Le Tribunal Administratif de Dijon a rejeté comme manifestement irrecevable la requête de M. et Mme A... dirigée contre un permis de construire délivré par la maire de Ternant. Les requérants n'ont pas justifié, malgré une invitation du greffe, avoir notifié leur recours à l'auteur de la décision et au titulaire de l'autorisation dans le délai de quinze jours, comme l'exige l'article R. 600-1 du code de l'urbanisme. Cette omission entraîne l'irrecevabilité de leur requête en application de l'article R. 222-1 du code de justice administrative.
Texte intégral
Vu la procédure suivante :
Par une requête enregistrée le 22 septembre 2025, M. et Mme A... demandent au tribunal d’annuler l’arrêté de permis de construire délivré le 28 avril 2025 par la maire de Ternant à M. B... pour la construction d’un hangar à usage de stockage de fourrage et d’engins agricoles.
Par lettre du 16 octobre 2025, le greffe du tribunal a invité les requérants à justifier de l’accomplissement de la formalité prescrite par l’article R. 600-1 du code de l’urbanisme.
Vu les autres pièces du dossier.
Vu :
- le code de l’urbanisme ;
- le code de justice administrative.
Considérant ce qui suit :
1. Aux termes de l’article R. 222-1 du code de justice administrative : « (…) les présidents de formation de jugement des tribunaux (…) peuvent, par ordonnance : (…) / 4º Rejeter les requêtes manifestement irrecevables, lorsque la juridiction n'est pas tenue d'inviter leur auteur à les régulariser ou qu'elles n'ont pas été régularisées à l'expiration du délai imparti par une demande en ce sens ; (…) ».
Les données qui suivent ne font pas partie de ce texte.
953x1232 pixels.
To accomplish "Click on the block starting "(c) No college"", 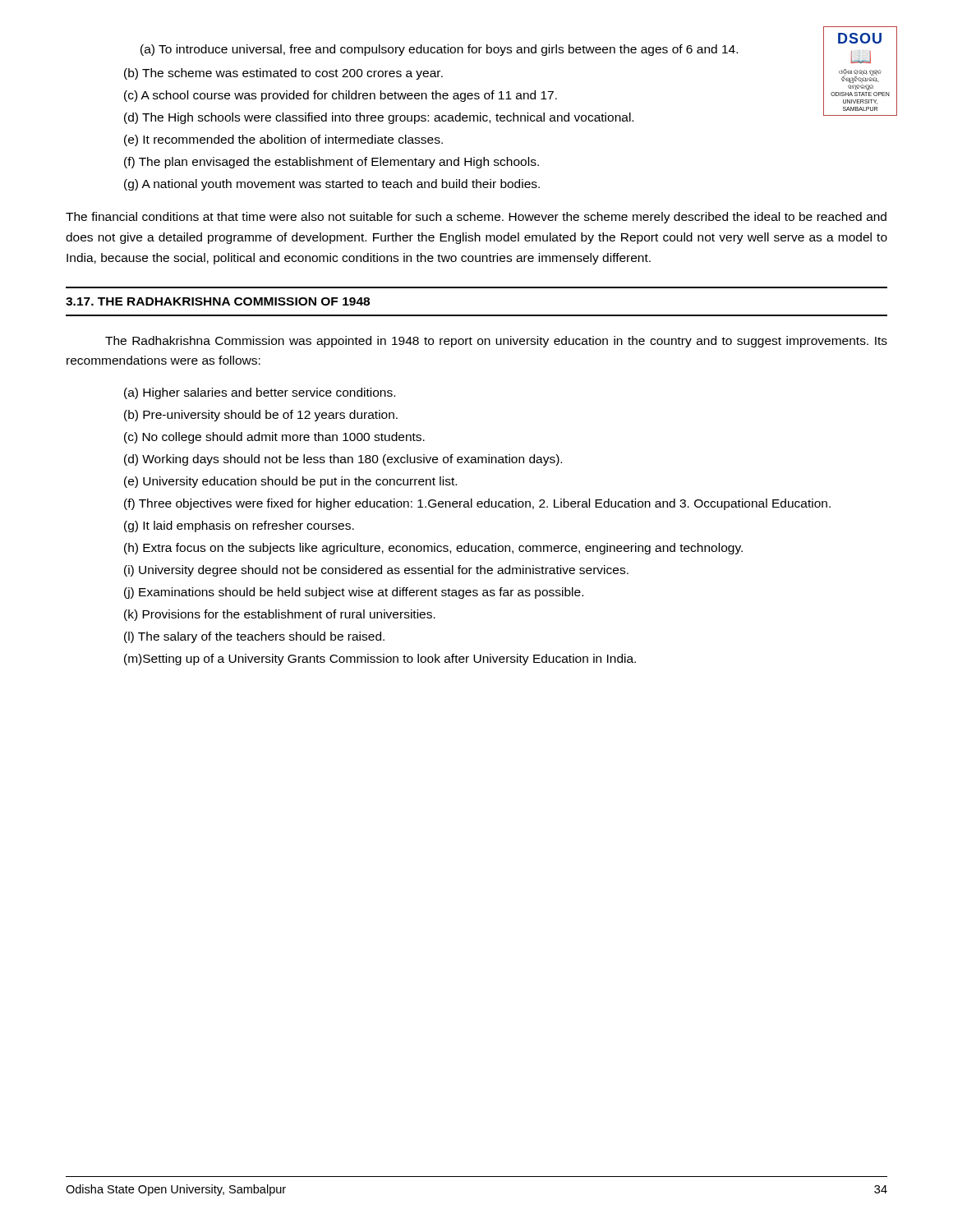I will coord(274,437).

2. Aux termes de l’article R. 600-1 du code de l’urbanisme : « En cas de déféré du préfet ou de recours contentieux à l’encontre d’un certificat d’urbanisme, ou d’une décision relative à l’occupation ou l’utilisation du sol régie par le présent code, le préfet ou l’auteur du recours est tenu, à peine d’irrecevabilité, de notifier son recours à l’auteur de la décision et au titulaire de l’autorisation. (…) L’auteur d’un recours administratif est également tenu de le notifier à peine d’irrecevabilité du recours contentieux qu’il pourrait intenter ultérieurement en cas de rejet du recours administratif. / La notification prévue au précédent alinéa doit intervenir par lettre recommandée avec accusé de réception, dans un délai de quinze jours francs à compter du dépôt du déféré ou du recours. / La notification du recours à l’auteur de la décision et, s’il y a lieu, au titulaire de l’autorisation est réputée accomplie à la date d’envoi de la lettre recommandée avec accusé de réception. Cette date est établie par le certificat de dépôt de la lettre recommandée auprès des services postaux. / Les dispositions du présent article ne sont pas applicables en cas de contestation d’un permis modificatif, d’une décision modificative ou d’une mesure de régularisation dans les conditions prévues par l’article L. 600-5-2 ».
3. Les requérants ont été dûment invités, par une lettre dématérialisée du greffe du tribunal du 16 octobre 2025 à justifier, à peine d’irrecevabilité, de l’accomplissement de la formalité prescrite par l’article R. 600-1 du code de l’urbanisme. Ils n’ont toutefois produit, dans le délai de quinze jours qui leur était imparti, aucun document attestant de la notification de leur requête à la commune de Ternant et à M. B..., respectivement, auteur et bénéficiaire du permis de construire attaqué. Cette requête est dès lors manifestement irrecevable et doit être rejetée selon la modalité prévue par l’article R. 222-1 précité du code de justice administrative.
O R D O N N E:
Article 1er : La requête est rejetée.
Article 2 : La présente ordonnance sera notifiée à M. et Mme A....
Fait à Dijon, le 9 janvier 2026.
Le président,
O. Rousset
La République mande et ordonne à la préfète de la Nièvre, en ce qui la concerne, ou à tous commissaires de justice à ce requis, en ce qui concerne les voies de droit commun contre les parties privées, de pourvoir à l’exécution de la présente décision.